Theory OBJ

(*File: OBJ.thy*)
(*Authors: Lennart Beringer and Martin Hofmann, LMU Munich 2008*)
theory OBJ imports Main begin

section‹Base-line non-interference with objects›

text‹\label{sec:Objects} We now extend the encoding for base-line
non-interference to a language with objects.  The development follows
the structure of Sections \ref{sec:IMP} to
\ref{sec:BaseLineNI}. Syntax and operational semantics are defined in
Section \ref{sec:ObjLanguage}, the axiomatic semantics in Section
\ref{sec:ObjLogic}. The generalised definition of non-interference is
given in \ref{sec:ObjNI}, the derived proof rules in Section
\ref{sec:ObjDerivedRules}, and a type system in the style of Volpano
et al.~in Section \ref{sec:ObjTypeSystem}. Finally, Section
\ref{sec:contextObj} concludes with results on contextual closure.›

subsection ‹Syntax and operational semantics›
text‹\label{sec:ObjLanguage}›

text‹First, some operations for association lists›

primrec lookup :: "('a × 'b) list ⇒ 'a ⇒ 'b option"
where
"lookup [] l = None" |
"lookup (h # t) l = (if (fst h)=l then Some (snd h) else lookup t l)" 

definition Dom::"('a × 'b) list ⇒ 'a set"
where "Dom L = {l . ∃ a . lookup L l = Some a}"

(*<*)
lemma lookupNoneAppend[rule_format]: 
"∀ l L2. (lookup L1 l = None ⟶ lookup L2 l = None ⟶ lookup (L1 @ L2) l = None)"
by (induct L1, simp+)

lemma DomAppendUnion[rule_format]: "∀ ab. Dom (a @ ab) = Dom a ∪ Dom ab"
apply (induct a)
apply (simp add: Dom_def)
apply (simp add: Dom_def)
apply clarsimp apply fast
done

lemma DomAppend: "Dom L ⊆ Dom((a, b) # L)"
by (simp add: Dom_def, auto)

lemma lookupSomeAppend1[rule_format]:
"∀ L2 l c . lookup L1 l = Some c ⟶ lookup (L1 @ L2) l = Some c"
by (induct L1, simp, simp)

lemma DomUnion[rule_format]:"Dom ((a,b) # L) = {a} ∪ Dom L"
by (simp add: Dom_def DomAppendUnion, fast)

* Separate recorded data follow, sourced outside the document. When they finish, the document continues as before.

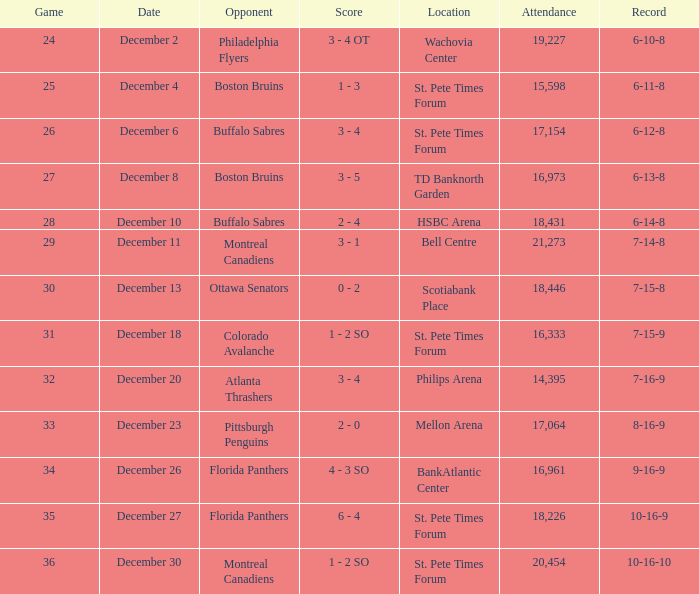What is the location of the game with a 6-11-8 record? St. Pete Times Forum. Give me the full table as a dictionary. {'header': ['Game', 'Date', 'Opponent', 'Score', 'Location', 'Attendance', 'Record'], 'rows': [['24', 'December 2', 'Philadelphia Flyers', '3 - 4 OT', 'Wachovia Center', '19,227', '6-10-8'], ['25', 'December 4', 'Boston Bruins', '1 - 3', 'St. Pete Times Forum', '15,598', '6-11-8'], ['26', 'December 6', 'Buffalo Sabres', '3 - 4', 'St. Pete Times Forum', '17,154', '6-12-8'], ['27', 'December 8', 'Boston Bruins', '3 - 5', 'TD Banknorth Garden', '16,973', '6-13-8'], ['28', 'December 10', 'Buffalo Sabres', '2 - 4', 'HSBC Arena', '18,431', '6-14-8'], ['29', 'December 11', 'Montreal Canadiens', '3 - 1', 'Bell Centre', '21,273', '7-14-8'], ['30', 'December 13', 'Ottawa Senators', '0 - 2', 'Scotiabank Place', '18,446', '7-15-8'], ['31', 'December 18', 'Colorado Avalanche', '1 - 2 SO', 'St. Pete Times Forum', '16,333', '7-15-9'], ['32', 'December 20', 'Atlanta Thrashers', '3 - 4', 'Philips Arena', '14,395', '7-16-9'], ['33', 'December 23', 'Pittsburgh Penguins', '2 - 0', 'Mellon Arena', '17,064', '8-16-9'], ['34', 'December 26', 'Florida Panthers', '4 - 3 SO', 'BankAtlantic Center', '16,961', '9-16-9'], ['35', 'December 27', 'Florida Panthers', '6 - 4', 'St. Pete Times Forum', '18,226', '10-16-9'], ['36', 'December 30', 'Montreal Canadiens', '1 - 2 SO', 'St. Pete Times Forum', '20,454', '10-16-10']]} 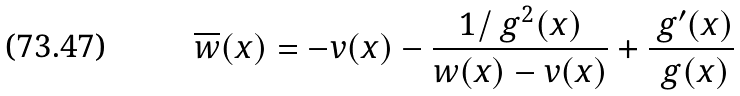Convert formula to latex. <formula><loc_0><loc_0><loc_500><loc_500>\overline { w } ( x ) = - v ( x ) - \frac { 1 / \ g ^ { 2 } ( x ) } { w ( x ) - v ( x ) } + \frac { \ g ^ { \prime } ( x ) } { \ g ( x ) }</formula> 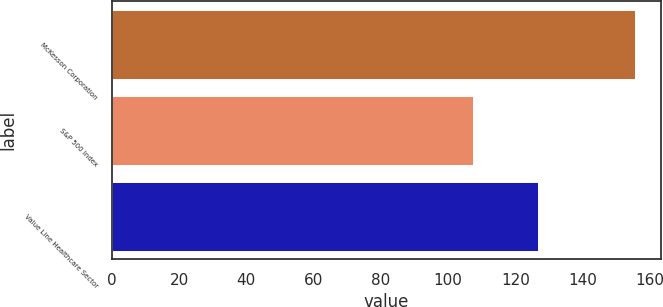Convert chart. <chart><loc_0><loc_0><loc_500><loc_500><bar_chart><fcel>McKesson Corporation<fcel>S&P 500 Index<fcel>Value Line Healthcare Sector<nl><fcel>155.58<fcel>107.24<fcel>126.6<nl></chart>

lemma lookupSomeAppend2[rule_format]:
"∀ l c L2 . lookup L2 l = Some c ⟶ Dom L1 ∩ Dom L2 = {} ⟶ lookup (L1 @ L2) l = Some c"
apply (induct L1)
apply (simp add: Dom_def)
apply clarsimp
  apply rule
    apply clarsimp apply (subgoal_tac "l:Dom L2") apply (simp add: DomUnion) 
   apply (simp add: Dom_def) 
apply clarsimp
  apply (erule_tac x=l in allE)
  apply (erule_tac x=c in allE)
  apply (erule_tac x=L2 in allE)
  apply simp apply (erule impE) apply (simp add: DomUnion) 
  apply simp
done
(*>*)

text‹Abstract types of variables, class names, field names, and
locations.›

typedecl Var
typedecl Class
typedecl Field
typedecl Location

text‹References are either null or a location. Values are either
integers or references.›

datatype Ref = Nullref | Loc Location

datatype Val = RVal Ref | IVal int 

text‹The heap is a finite map from locations to objects. Objects have
a dynamic class and a field map.›

type_synonym Object = "Class × ((Field × Val) list)"
type_synonym Heap = "(Location × Object) list"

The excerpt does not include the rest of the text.